At what percentage of lossy compression it becomes infringement?




> Can you compress the internet including copyrighted material and then sell access to it?

Define access?

If you mean sending out the compressed copy, generally no. For things people normally call compression.

If you want to run a search engine, then you should be fine.

> At what percentage of lossy compression it becomes infringement?

It would have to be very very lossy.

But some AI stuff is. For example there are image models with fewer parameters than source images. Those are, by and large, not able to store enough data to infringe with. (Copying can creep in with images that have multiple versions, but that's a small sliver of the data.)


Commercial audio generation models were caught reproducing parts of copyrighted music in a distorted and low-quality form. This is not "learning", just "imitating".
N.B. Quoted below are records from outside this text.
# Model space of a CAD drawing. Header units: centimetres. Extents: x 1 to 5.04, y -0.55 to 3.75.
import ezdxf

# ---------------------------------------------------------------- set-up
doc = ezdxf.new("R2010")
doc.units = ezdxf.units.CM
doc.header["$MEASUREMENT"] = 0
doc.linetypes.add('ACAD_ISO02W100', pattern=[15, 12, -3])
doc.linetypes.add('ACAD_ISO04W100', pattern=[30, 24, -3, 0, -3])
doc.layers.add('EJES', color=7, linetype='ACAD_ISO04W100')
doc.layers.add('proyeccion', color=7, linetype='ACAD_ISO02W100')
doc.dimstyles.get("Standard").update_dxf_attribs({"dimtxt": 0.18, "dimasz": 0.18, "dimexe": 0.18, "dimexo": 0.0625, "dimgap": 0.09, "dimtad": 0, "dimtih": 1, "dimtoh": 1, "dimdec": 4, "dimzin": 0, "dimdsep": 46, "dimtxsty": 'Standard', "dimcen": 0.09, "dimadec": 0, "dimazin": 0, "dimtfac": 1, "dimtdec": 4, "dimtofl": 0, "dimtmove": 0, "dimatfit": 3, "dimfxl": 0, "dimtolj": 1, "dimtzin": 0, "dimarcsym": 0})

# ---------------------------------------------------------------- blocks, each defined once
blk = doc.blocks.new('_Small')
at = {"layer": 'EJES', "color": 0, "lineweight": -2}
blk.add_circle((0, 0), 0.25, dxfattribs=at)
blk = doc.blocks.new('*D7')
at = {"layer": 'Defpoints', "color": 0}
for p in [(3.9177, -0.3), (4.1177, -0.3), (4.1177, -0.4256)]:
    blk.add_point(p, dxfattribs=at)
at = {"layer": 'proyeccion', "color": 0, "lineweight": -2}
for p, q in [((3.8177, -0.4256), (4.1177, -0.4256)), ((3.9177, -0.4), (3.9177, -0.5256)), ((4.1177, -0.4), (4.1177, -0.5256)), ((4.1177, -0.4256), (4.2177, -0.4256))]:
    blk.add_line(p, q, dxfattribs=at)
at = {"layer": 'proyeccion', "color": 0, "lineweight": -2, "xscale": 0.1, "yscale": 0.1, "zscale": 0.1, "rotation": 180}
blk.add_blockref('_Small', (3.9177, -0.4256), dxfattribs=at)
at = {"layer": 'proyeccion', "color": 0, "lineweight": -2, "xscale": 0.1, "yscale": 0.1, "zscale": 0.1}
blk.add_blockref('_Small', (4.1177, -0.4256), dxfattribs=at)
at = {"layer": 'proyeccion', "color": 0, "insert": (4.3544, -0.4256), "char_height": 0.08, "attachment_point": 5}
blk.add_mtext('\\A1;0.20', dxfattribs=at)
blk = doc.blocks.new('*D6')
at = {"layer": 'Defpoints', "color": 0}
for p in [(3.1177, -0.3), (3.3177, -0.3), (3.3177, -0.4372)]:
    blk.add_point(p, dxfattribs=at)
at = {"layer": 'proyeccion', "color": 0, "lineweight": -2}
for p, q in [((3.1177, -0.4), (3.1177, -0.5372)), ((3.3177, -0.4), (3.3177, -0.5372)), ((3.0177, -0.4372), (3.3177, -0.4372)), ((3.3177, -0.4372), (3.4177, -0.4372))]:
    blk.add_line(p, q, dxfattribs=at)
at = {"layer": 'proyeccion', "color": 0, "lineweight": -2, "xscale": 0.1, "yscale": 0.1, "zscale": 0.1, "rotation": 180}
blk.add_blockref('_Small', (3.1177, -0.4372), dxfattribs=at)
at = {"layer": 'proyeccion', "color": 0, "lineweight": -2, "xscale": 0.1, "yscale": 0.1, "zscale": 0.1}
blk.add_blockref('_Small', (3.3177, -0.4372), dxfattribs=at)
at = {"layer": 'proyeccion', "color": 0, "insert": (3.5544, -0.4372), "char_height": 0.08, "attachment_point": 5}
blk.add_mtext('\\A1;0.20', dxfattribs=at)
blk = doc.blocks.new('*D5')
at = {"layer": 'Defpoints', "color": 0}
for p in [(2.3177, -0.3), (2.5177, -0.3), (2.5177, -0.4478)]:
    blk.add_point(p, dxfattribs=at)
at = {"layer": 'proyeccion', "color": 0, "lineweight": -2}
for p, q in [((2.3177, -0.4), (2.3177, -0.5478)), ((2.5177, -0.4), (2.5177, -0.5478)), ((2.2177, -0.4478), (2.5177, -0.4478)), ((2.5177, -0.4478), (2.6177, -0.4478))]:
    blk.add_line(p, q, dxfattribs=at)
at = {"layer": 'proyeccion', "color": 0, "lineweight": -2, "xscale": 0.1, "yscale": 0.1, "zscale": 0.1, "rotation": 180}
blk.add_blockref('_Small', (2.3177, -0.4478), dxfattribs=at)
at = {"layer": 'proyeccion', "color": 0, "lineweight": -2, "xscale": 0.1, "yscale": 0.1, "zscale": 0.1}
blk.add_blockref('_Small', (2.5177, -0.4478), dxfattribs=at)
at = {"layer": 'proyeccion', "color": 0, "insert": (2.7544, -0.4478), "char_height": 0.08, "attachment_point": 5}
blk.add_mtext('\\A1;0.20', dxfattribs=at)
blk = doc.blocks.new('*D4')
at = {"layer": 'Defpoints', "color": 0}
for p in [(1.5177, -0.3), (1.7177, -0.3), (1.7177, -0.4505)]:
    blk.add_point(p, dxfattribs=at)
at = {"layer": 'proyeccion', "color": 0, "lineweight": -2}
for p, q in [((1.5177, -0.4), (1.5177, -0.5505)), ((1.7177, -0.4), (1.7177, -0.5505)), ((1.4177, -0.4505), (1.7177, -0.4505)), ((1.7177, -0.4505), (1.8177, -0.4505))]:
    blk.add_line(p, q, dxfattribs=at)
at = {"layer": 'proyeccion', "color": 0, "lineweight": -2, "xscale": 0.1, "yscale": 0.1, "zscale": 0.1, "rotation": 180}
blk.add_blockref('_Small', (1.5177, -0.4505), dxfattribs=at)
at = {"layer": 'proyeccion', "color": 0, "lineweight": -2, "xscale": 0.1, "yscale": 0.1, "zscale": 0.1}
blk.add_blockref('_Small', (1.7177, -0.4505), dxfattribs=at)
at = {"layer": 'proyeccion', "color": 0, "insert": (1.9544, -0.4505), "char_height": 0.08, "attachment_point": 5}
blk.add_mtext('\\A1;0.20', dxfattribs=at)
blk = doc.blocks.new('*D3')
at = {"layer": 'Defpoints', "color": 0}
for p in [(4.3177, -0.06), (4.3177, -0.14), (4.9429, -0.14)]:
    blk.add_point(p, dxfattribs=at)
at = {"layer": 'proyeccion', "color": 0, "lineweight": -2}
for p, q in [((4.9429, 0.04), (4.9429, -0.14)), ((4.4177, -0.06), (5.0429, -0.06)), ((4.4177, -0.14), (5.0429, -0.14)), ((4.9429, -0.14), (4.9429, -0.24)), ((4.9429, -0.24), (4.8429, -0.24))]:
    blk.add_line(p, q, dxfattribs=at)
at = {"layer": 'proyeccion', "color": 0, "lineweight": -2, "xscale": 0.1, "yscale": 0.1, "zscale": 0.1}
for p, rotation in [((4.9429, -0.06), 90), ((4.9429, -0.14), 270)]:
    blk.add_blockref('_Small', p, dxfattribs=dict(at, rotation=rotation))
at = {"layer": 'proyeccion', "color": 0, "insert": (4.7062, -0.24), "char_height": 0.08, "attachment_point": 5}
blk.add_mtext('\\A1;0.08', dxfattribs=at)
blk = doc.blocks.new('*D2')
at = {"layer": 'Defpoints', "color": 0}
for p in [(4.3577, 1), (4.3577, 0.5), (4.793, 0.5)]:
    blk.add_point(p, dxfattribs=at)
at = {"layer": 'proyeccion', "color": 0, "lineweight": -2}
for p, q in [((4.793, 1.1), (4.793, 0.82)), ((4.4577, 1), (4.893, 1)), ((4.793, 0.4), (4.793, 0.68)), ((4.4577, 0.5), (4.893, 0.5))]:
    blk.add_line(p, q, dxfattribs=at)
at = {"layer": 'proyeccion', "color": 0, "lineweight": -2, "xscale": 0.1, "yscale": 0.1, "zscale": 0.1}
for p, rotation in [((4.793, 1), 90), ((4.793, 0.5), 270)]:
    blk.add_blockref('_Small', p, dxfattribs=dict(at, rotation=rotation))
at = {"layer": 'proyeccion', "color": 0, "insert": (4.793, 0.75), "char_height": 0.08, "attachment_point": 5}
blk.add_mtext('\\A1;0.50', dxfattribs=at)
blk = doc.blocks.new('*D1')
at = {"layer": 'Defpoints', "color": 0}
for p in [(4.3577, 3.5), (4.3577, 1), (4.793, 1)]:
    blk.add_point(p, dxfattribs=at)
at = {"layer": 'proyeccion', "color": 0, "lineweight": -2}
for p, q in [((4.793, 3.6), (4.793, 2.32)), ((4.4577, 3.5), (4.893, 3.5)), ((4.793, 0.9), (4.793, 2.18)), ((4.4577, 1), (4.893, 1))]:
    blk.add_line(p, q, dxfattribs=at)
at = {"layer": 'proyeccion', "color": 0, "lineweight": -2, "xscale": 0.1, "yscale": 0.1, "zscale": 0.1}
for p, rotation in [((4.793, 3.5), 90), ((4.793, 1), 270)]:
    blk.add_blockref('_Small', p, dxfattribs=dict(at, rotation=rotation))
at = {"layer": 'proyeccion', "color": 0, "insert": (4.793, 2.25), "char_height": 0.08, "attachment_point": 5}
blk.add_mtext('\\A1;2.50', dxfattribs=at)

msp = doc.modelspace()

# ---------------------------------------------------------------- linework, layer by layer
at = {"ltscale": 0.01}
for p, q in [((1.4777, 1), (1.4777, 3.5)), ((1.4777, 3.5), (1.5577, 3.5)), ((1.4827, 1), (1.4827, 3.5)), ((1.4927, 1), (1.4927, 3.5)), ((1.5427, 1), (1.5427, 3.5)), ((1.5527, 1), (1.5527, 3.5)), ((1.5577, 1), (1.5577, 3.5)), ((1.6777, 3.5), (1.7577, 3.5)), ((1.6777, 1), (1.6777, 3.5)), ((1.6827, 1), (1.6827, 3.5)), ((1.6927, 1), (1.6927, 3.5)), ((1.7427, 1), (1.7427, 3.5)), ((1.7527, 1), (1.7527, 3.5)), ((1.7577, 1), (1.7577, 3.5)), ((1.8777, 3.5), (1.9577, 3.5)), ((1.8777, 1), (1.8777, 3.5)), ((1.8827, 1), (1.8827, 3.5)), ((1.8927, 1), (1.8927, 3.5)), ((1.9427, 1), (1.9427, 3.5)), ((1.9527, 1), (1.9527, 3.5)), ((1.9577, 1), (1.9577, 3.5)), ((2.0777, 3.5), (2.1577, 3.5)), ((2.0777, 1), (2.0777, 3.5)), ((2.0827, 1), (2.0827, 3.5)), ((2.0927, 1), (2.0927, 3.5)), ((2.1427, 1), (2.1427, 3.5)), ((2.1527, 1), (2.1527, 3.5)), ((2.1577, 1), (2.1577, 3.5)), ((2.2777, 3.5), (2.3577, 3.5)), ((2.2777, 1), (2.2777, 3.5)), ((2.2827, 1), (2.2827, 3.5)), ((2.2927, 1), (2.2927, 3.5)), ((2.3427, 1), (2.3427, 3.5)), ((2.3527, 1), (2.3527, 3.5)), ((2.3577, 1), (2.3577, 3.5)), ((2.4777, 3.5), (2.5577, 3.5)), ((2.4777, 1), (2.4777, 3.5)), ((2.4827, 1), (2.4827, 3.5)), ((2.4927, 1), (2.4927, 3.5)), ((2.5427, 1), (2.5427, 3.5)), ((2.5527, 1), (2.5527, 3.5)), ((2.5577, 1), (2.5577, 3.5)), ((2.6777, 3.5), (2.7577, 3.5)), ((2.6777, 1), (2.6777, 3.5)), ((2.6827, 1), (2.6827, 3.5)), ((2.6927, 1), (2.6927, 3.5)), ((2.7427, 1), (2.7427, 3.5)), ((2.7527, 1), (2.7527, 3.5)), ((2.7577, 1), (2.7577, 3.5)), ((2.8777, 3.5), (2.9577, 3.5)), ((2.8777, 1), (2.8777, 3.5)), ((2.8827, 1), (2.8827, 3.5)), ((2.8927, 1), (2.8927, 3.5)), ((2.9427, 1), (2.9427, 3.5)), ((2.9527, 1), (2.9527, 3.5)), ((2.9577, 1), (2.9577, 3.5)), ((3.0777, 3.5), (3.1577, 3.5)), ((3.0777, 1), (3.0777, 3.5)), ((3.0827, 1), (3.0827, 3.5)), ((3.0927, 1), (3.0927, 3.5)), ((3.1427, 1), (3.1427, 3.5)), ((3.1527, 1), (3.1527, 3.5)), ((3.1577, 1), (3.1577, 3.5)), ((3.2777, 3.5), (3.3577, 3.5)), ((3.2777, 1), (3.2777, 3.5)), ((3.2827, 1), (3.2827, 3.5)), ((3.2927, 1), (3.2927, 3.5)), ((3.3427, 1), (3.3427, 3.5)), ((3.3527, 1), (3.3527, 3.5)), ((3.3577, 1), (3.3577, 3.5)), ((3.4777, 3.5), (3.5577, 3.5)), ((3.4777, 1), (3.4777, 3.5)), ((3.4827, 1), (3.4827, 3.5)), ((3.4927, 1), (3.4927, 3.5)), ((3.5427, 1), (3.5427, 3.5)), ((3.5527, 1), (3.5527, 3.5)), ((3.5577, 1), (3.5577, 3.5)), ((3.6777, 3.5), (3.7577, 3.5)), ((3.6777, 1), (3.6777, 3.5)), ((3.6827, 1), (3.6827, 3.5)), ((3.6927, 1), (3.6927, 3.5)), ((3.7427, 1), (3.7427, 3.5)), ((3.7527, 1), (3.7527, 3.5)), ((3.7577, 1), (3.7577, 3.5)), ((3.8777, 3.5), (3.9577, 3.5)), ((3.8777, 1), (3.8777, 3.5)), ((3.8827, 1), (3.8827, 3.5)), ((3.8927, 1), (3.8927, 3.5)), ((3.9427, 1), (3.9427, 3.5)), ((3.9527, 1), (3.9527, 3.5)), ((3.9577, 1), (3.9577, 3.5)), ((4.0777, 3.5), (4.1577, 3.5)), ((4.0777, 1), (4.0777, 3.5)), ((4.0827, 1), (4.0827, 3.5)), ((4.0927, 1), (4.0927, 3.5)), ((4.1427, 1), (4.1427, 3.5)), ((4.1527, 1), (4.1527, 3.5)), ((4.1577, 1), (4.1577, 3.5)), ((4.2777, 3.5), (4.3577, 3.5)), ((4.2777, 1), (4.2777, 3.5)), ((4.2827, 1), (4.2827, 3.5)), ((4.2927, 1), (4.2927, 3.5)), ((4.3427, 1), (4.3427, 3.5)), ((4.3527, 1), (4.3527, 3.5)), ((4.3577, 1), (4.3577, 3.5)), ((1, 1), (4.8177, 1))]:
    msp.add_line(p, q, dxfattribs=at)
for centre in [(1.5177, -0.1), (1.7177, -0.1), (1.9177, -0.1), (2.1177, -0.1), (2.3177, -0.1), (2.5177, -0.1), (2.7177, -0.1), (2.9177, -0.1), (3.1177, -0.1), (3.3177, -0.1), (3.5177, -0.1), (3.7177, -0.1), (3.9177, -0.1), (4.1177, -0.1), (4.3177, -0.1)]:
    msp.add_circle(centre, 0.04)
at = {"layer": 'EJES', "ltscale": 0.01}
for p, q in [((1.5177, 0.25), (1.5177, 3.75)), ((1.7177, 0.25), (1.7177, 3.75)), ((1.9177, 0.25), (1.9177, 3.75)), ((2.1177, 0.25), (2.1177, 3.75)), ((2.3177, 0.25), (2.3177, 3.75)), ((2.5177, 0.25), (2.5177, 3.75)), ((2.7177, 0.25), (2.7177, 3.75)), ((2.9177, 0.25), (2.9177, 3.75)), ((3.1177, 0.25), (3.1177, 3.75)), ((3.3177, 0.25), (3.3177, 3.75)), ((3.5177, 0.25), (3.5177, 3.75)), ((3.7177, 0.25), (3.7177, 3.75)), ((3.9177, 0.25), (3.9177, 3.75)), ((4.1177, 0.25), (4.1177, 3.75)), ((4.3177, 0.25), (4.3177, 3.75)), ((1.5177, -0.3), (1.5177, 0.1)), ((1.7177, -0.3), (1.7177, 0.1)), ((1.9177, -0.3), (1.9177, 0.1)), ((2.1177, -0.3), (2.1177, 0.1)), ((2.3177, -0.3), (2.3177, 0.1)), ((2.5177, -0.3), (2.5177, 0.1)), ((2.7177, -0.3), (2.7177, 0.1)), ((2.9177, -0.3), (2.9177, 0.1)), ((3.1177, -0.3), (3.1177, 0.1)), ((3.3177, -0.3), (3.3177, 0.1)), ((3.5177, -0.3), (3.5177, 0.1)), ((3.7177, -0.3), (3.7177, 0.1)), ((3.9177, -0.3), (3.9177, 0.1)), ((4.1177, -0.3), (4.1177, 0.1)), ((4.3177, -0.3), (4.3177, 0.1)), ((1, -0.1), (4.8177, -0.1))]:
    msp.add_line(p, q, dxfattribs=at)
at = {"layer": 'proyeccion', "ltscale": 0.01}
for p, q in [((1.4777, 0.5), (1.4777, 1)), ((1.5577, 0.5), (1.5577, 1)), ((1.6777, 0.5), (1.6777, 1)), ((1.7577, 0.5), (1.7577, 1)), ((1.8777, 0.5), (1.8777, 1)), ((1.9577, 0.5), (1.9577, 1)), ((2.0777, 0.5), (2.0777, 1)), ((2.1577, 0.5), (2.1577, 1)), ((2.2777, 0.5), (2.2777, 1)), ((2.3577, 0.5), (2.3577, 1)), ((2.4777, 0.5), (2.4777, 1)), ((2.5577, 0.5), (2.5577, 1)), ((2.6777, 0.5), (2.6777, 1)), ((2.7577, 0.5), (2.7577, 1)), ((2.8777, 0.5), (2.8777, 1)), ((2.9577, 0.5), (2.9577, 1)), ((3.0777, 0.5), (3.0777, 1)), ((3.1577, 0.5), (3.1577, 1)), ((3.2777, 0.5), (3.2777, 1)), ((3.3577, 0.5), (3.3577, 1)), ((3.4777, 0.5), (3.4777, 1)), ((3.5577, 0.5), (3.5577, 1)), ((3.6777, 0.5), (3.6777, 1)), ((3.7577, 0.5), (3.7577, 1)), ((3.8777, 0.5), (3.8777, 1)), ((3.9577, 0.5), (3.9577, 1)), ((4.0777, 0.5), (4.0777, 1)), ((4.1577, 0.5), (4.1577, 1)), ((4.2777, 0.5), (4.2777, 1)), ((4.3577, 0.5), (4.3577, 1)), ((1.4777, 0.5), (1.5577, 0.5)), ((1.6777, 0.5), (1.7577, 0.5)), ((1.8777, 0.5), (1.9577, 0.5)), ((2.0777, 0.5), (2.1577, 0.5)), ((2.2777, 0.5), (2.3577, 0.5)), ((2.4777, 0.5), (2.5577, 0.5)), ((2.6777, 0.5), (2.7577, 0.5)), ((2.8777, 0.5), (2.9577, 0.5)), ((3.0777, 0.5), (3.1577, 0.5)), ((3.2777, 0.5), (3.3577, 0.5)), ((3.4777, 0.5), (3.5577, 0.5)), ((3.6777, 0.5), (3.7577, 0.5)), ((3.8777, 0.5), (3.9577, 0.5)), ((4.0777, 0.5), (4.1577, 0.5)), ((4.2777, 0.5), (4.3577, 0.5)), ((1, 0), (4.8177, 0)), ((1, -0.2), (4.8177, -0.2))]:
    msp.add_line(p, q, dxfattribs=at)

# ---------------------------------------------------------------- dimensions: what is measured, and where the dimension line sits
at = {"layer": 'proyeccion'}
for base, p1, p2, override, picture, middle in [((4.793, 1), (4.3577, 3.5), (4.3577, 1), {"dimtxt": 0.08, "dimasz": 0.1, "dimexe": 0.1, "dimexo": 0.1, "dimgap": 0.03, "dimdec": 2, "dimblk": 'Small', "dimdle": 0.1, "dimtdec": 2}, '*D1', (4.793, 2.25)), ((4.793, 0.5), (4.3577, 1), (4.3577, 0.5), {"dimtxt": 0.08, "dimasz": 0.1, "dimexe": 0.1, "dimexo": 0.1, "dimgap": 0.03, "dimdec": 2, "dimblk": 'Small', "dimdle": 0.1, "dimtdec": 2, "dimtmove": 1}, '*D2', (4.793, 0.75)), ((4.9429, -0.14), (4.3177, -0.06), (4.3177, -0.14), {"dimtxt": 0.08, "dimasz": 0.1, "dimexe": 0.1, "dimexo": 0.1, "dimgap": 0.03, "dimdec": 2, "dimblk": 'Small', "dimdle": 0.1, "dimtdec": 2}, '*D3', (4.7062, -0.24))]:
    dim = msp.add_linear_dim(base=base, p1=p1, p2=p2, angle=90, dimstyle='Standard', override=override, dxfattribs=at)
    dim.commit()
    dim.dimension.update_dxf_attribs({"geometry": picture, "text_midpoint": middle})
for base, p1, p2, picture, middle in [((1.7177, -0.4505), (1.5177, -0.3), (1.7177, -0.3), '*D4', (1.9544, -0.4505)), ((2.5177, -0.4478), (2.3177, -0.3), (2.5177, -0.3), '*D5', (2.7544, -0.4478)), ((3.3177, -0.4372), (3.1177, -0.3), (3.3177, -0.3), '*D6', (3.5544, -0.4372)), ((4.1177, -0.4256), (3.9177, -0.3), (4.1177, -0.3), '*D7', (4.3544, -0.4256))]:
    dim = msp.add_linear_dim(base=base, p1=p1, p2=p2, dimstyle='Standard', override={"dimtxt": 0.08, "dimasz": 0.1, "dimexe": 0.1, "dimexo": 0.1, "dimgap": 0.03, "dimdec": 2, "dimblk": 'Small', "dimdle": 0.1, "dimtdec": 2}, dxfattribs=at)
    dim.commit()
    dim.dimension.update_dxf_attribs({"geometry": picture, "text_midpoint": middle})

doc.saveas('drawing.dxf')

Also, as I understand they didn't even buy the CDs with music for training; they got it somewhere else. Why do organizations that prosecute people for downloading a movie do not want to look if it is ok to make a business on illegal copies of copyrighted works?


I said "some" for a reason.


When you identify where the infringing party has stored the source material in their artifact.{zip,pdf,safetensor,connectome,etc}. In ML, this discovery stage is called "mechanistic interpretability", and in humans it's called "illegal."


It's not that clear cut. Since they're talking about taking lossy compression to the limit, there are ways to go so lossy that you're not longer infringing even if you can point exactly at where it's stored.

Like cliff's notes.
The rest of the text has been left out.